(Extracted data entries)
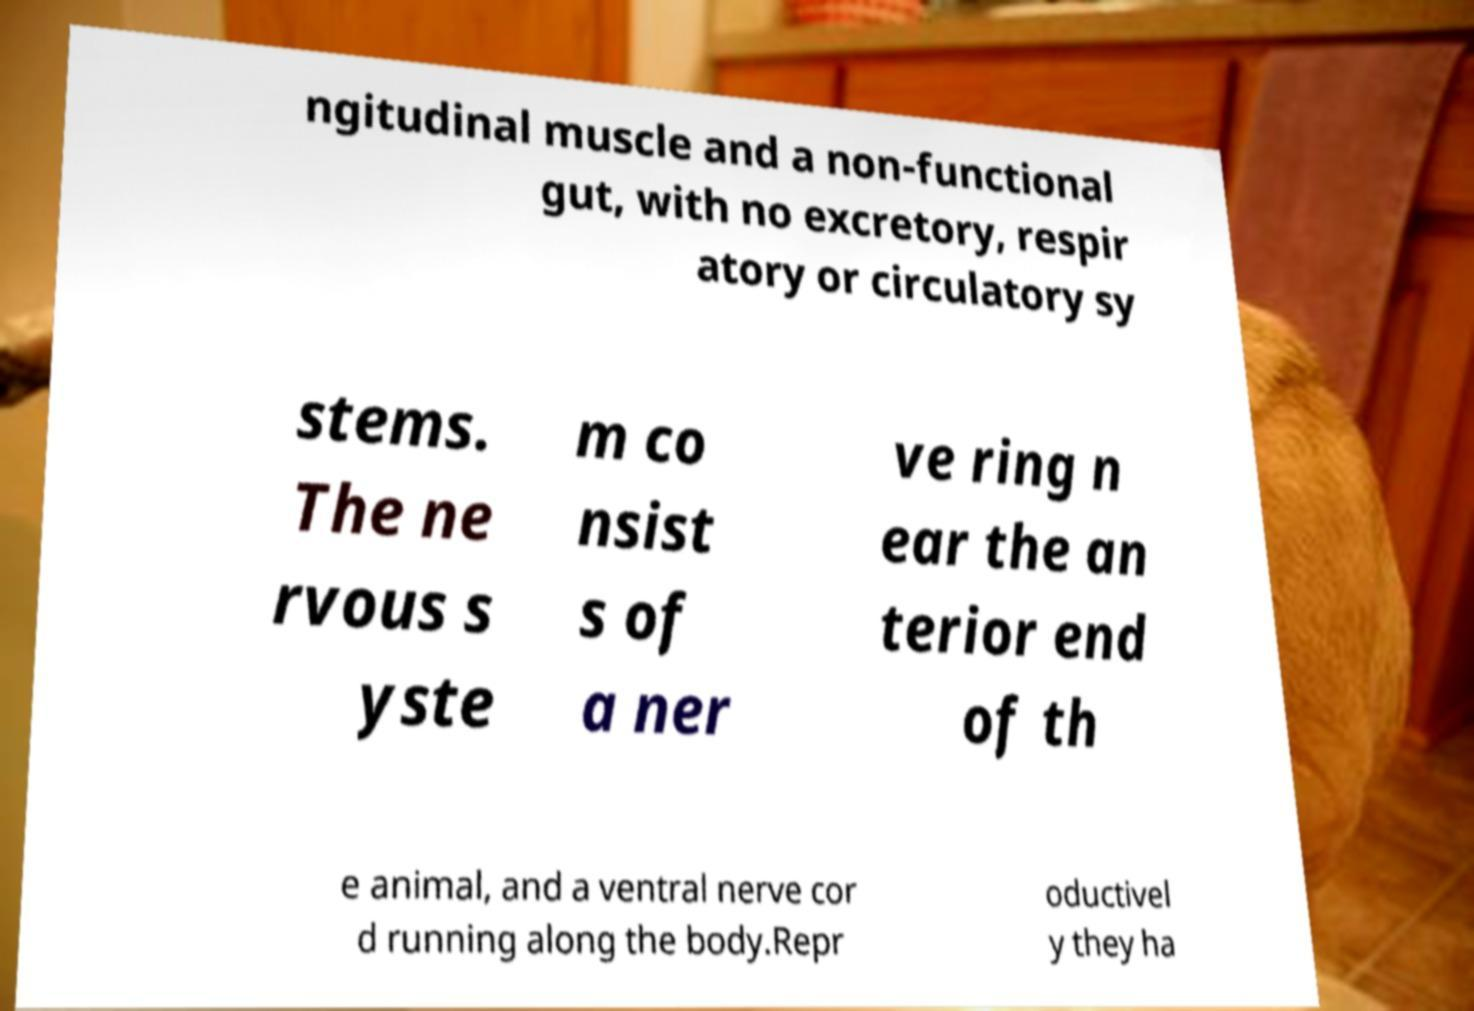Please identify and transcribe the text found in this image. ngitudinal muscle and a non-functional gut, with no excretory, respir atory or circulatory sy stems. The ne rvous s yste m co nsist s of a ner ve ring n ear the an terior end of th e animal, and a ventral nerve cor d running along the body.Repr oductivel y they ha 
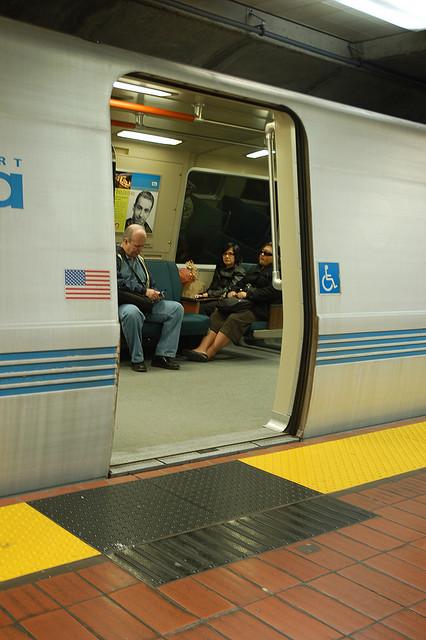Where is the bald man?
Give a very brief answer. On train. Is there a handicap sign?
Answer briefly. Yes. Is the train door closed?
Write a very short answer. No. 
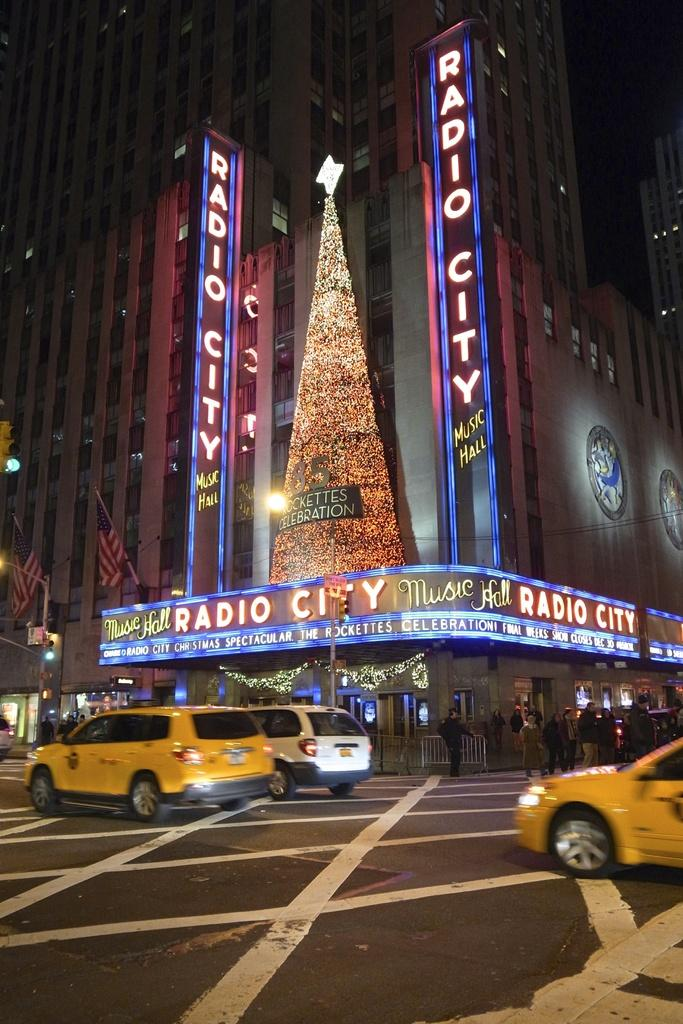What is the lighting condition in the image? The image was taken in the dark. What can be seen on the road in the image? There are cars on the road in the image. What is visible in the background of the image? There is a building and boards with text in the background of the image. How many sources of light can be seen in the image? There are many lights visible in the image. What type of tooth is visible in the image? There is no tooth present in the image. Can you describe the cave in the background of the image? There is no cave present in the image; it features a building and boards with text in the background.

WHAT TO WORK ON: Every entry above needs to be duplicated precisely, and none of the pictures should appear.

OUTPUT FOR THIS EXERCISE:
Please identify and transcribe the text found in this image. ngitudinal muscle and a non-functional gut, with no excretory, respir atory or circulatory sy stems. The ne rvous s yste m co nsist s of a ner ve ring n ear the an terior end of th e animal, and a ventral nerve cor d running along the body.Repr oductivel y they ha 
Where is the bald man?
Give a very brief answer. On train. Is there a handicap sign?
Answer briefly. Yes. Is the train door closed?
Write a very short answer. No. 
What is the lighting condition in the image? The image was taken in the dark. What can be seen on the road in the image? There are cars on the road in the image. What is visible in the background of the image? There is a building and boards with text in the background of the image. How many sources of light can be seen in the image? There are many lights visible in the image. What type of tooth is visible in the image? There is no tooth present in the image. Can you describe the cave in the background of the image? There is no cave present in the image; it features a building and boards with text in the background.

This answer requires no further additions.